**Activity:** Transcribe the records that follow in their entirety, omitting any pictures.

[Records contained in a dataset]
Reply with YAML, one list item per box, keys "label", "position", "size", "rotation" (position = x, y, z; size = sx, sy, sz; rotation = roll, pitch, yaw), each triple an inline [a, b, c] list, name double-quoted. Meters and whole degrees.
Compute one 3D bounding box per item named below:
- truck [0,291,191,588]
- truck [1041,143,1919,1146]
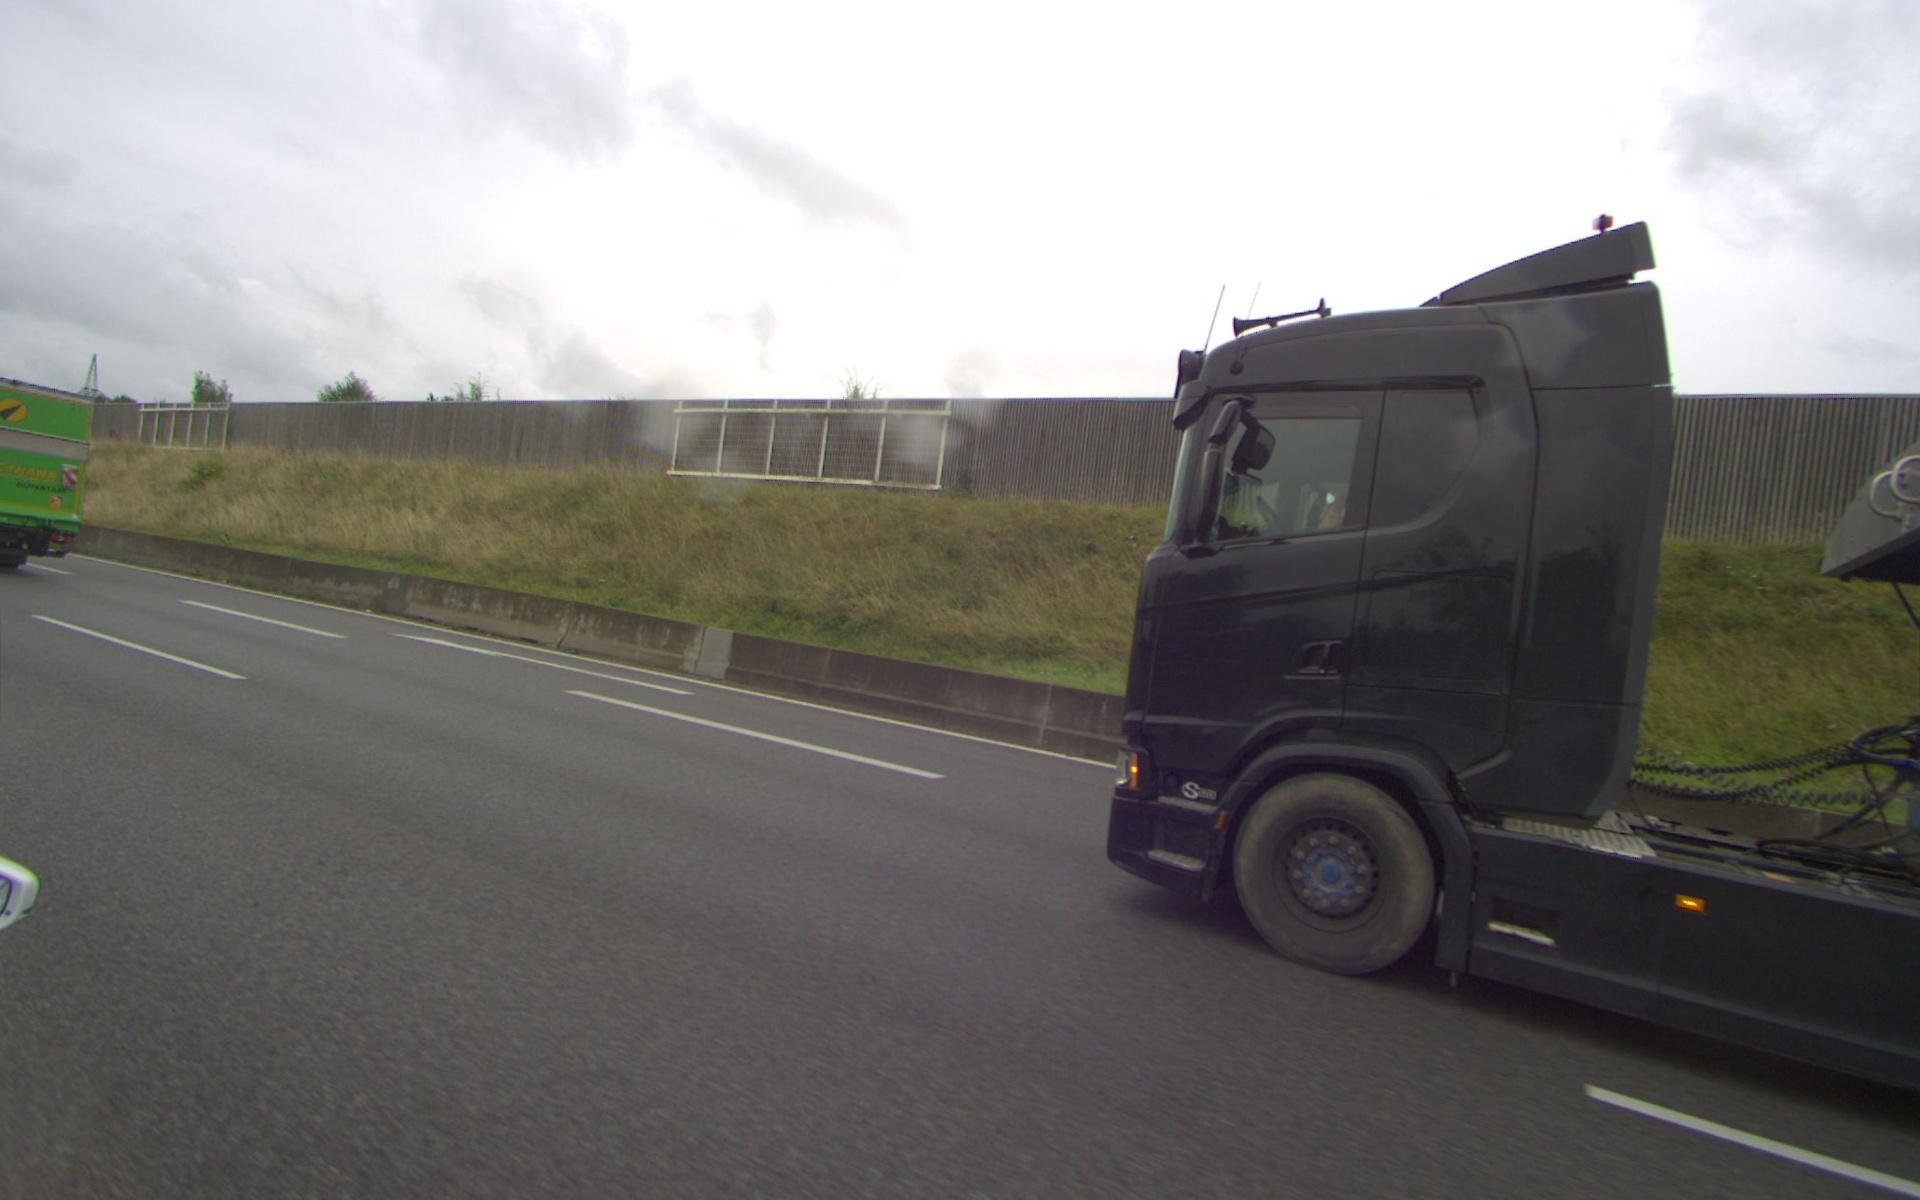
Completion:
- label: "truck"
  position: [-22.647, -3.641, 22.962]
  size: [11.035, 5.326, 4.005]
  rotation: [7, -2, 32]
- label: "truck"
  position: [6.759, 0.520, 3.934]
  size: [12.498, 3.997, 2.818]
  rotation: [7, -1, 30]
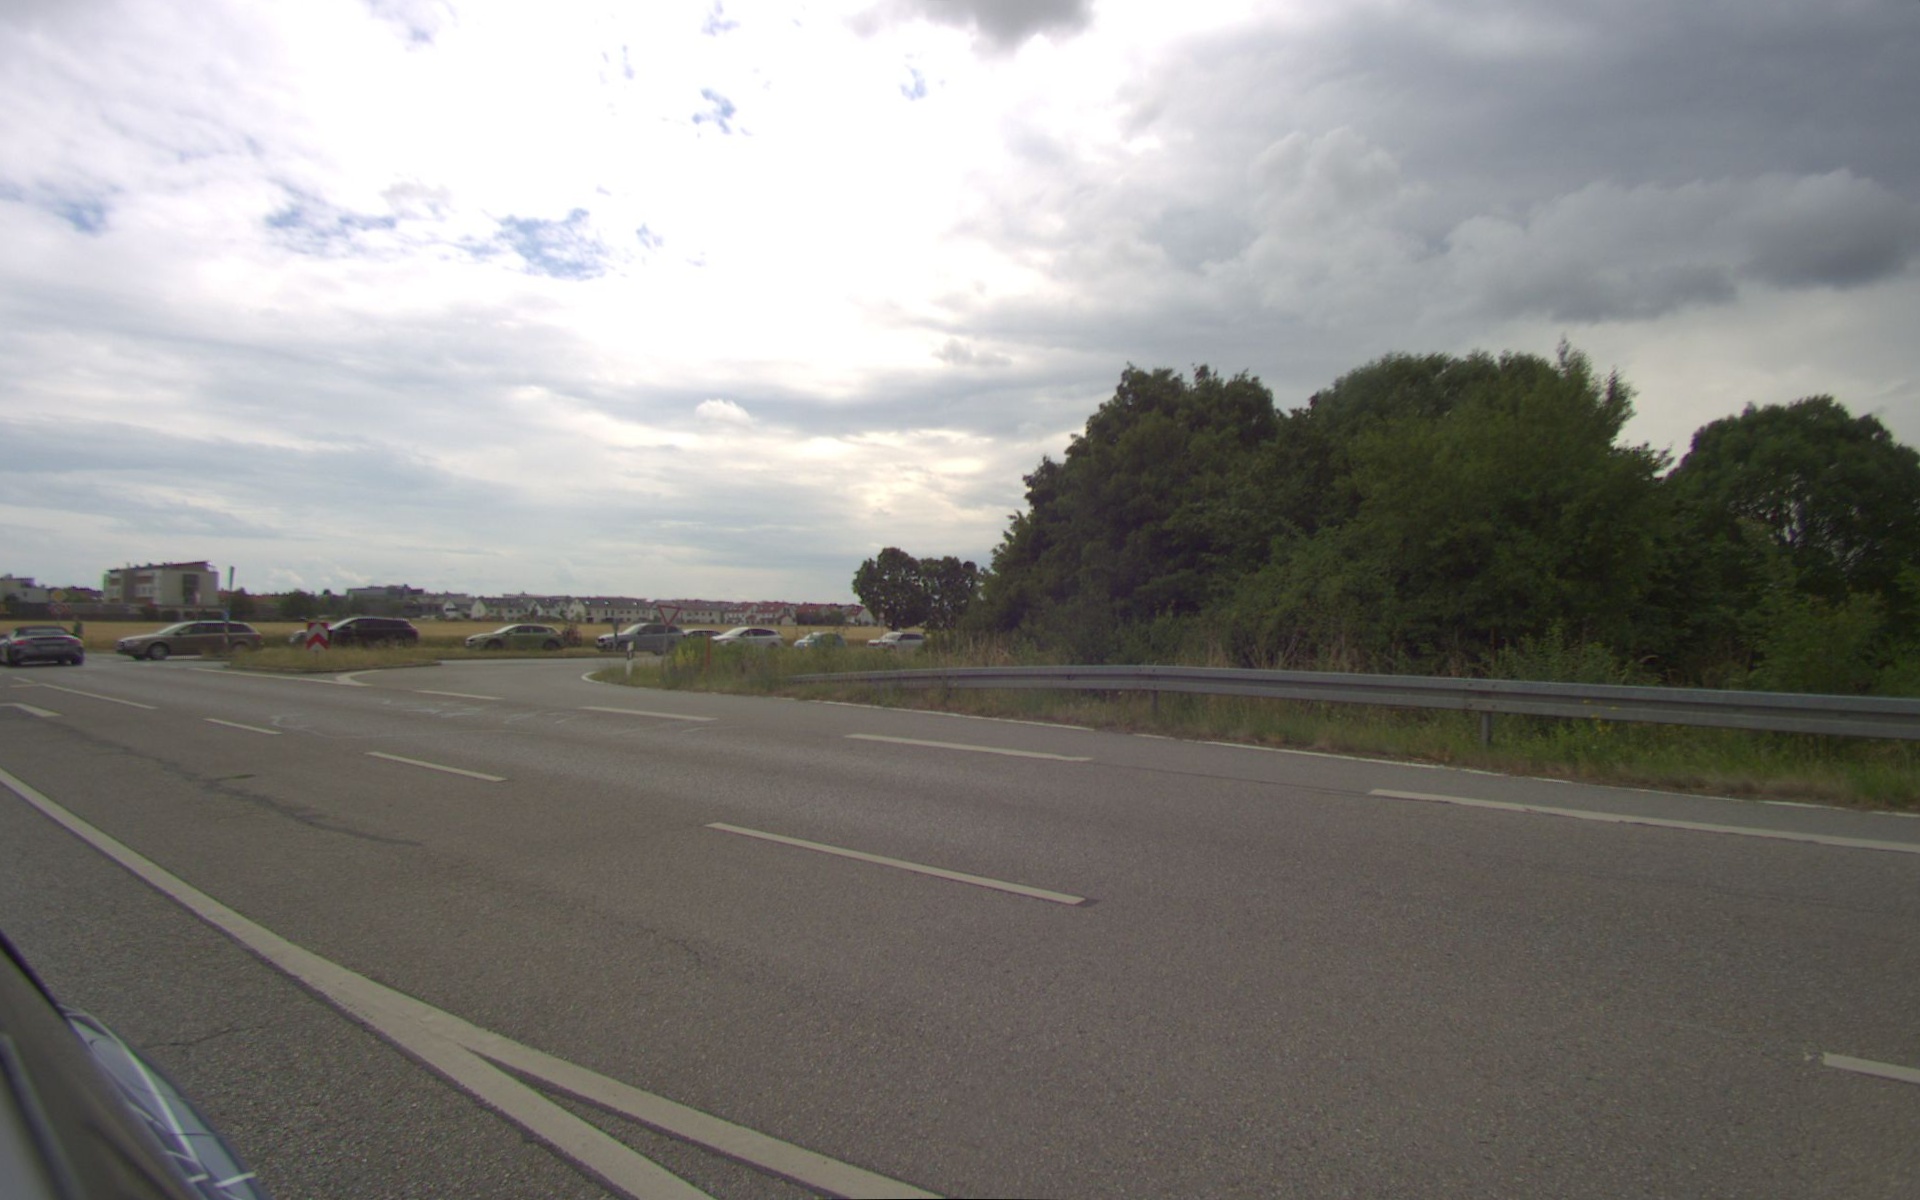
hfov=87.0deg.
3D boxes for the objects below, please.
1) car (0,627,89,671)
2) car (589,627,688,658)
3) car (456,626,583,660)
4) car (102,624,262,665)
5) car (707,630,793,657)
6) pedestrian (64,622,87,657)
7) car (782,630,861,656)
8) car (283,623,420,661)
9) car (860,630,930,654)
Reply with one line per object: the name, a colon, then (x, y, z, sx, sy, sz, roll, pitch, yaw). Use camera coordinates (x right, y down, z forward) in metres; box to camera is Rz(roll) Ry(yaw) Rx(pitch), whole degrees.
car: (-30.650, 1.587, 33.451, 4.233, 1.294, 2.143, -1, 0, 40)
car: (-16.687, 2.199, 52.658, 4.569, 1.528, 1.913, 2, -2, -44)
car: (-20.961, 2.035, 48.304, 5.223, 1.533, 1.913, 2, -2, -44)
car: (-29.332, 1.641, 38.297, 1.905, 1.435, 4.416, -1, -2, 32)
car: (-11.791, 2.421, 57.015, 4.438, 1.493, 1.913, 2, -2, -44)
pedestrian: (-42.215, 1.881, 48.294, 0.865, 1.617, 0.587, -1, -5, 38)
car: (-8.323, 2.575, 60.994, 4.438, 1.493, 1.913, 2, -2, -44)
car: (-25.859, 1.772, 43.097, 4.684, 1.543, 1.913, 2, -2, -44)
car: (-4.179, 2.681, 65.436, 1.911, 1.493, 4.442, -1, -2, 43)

**Solution to the exercise:**
Reply with YAML, one list item per box, keys "label", "position", "size", "rotation" (position = x, y, z; size = sx, sy, sz; rotation = roll, pitch, yaw), each triple an inline [a, b, c] list, name double-quoted. Meters and whole degrees.
Compute one 3D bounding box per item named below:
- truck [0,291,191,588]
- truck [1041,143,1919,1146]
Completion:
- label: "truck"
  position: [-22.647, -3.641, 22.962]
  size: [11.035, 5.326, 4.005]
  rotation: [7, -2, 32]
- label: "truck"
  position: [6.759, 0.520, 3.934]
  size: [12.498, 3.997, 2.818]
  rotation: [7, -1, 30]
hfov=87.0deg.
3D boxes for the objects below, please.
1) car (0,627,89,671)
2) car (589,627,688,658)
3) car (456,626,583,660)
4) car (102,624,262,665)
5) car (707,630,793,657)
6) pedestrian (64,622,87,657)
7) car (782,630,861,656)
8) car (283,623,420,661)
9) car (860,630,930,654)
Reply with one line per object: the name, a colon, then (x, y, z, sx, sy, sz, roll, pitch, yaw). Use camera coordinates (x right, y down, z forward) in metres; box to camera is Rz(roll) Ry(yaw) Rx(pitch), whole degrees.
car: (-30.650, 1.587, 33.451, 4.233, 1.294, 2.143, -1, 0, 40)
car: (-16.687, 2.199, 52.658, 4.569, 1.528, 1.913, 2, -2, -44)
car: (-20.961, 2.035, 48.304, 5.223, 1.533, 1.913, 2, -2, -44)
car: (-29.332, 1.641, 38.297, 1.905, 1.435, 4.416, -1, -2, 32)
car: (-11.791, 2.421, 57.015, 4.438, 1.493, 1.913, 2, -2, -44)
pedestrian: (-42.215, 1.881, 48.294, 0.865, 1.617, 0.587, -1, -5, 38)
car: (-8.323, 2.575, 60.994, 4.438, 1.493, 1.913, 2, -2, -44)
car: (-25.859, 1.772, 43.097, 4.684, 1.543, 1.913, 2, -2, -44)
car: (-4.179, 2.681, 65.436, 1.911, 1.493, 4.442, -1, -2, 43)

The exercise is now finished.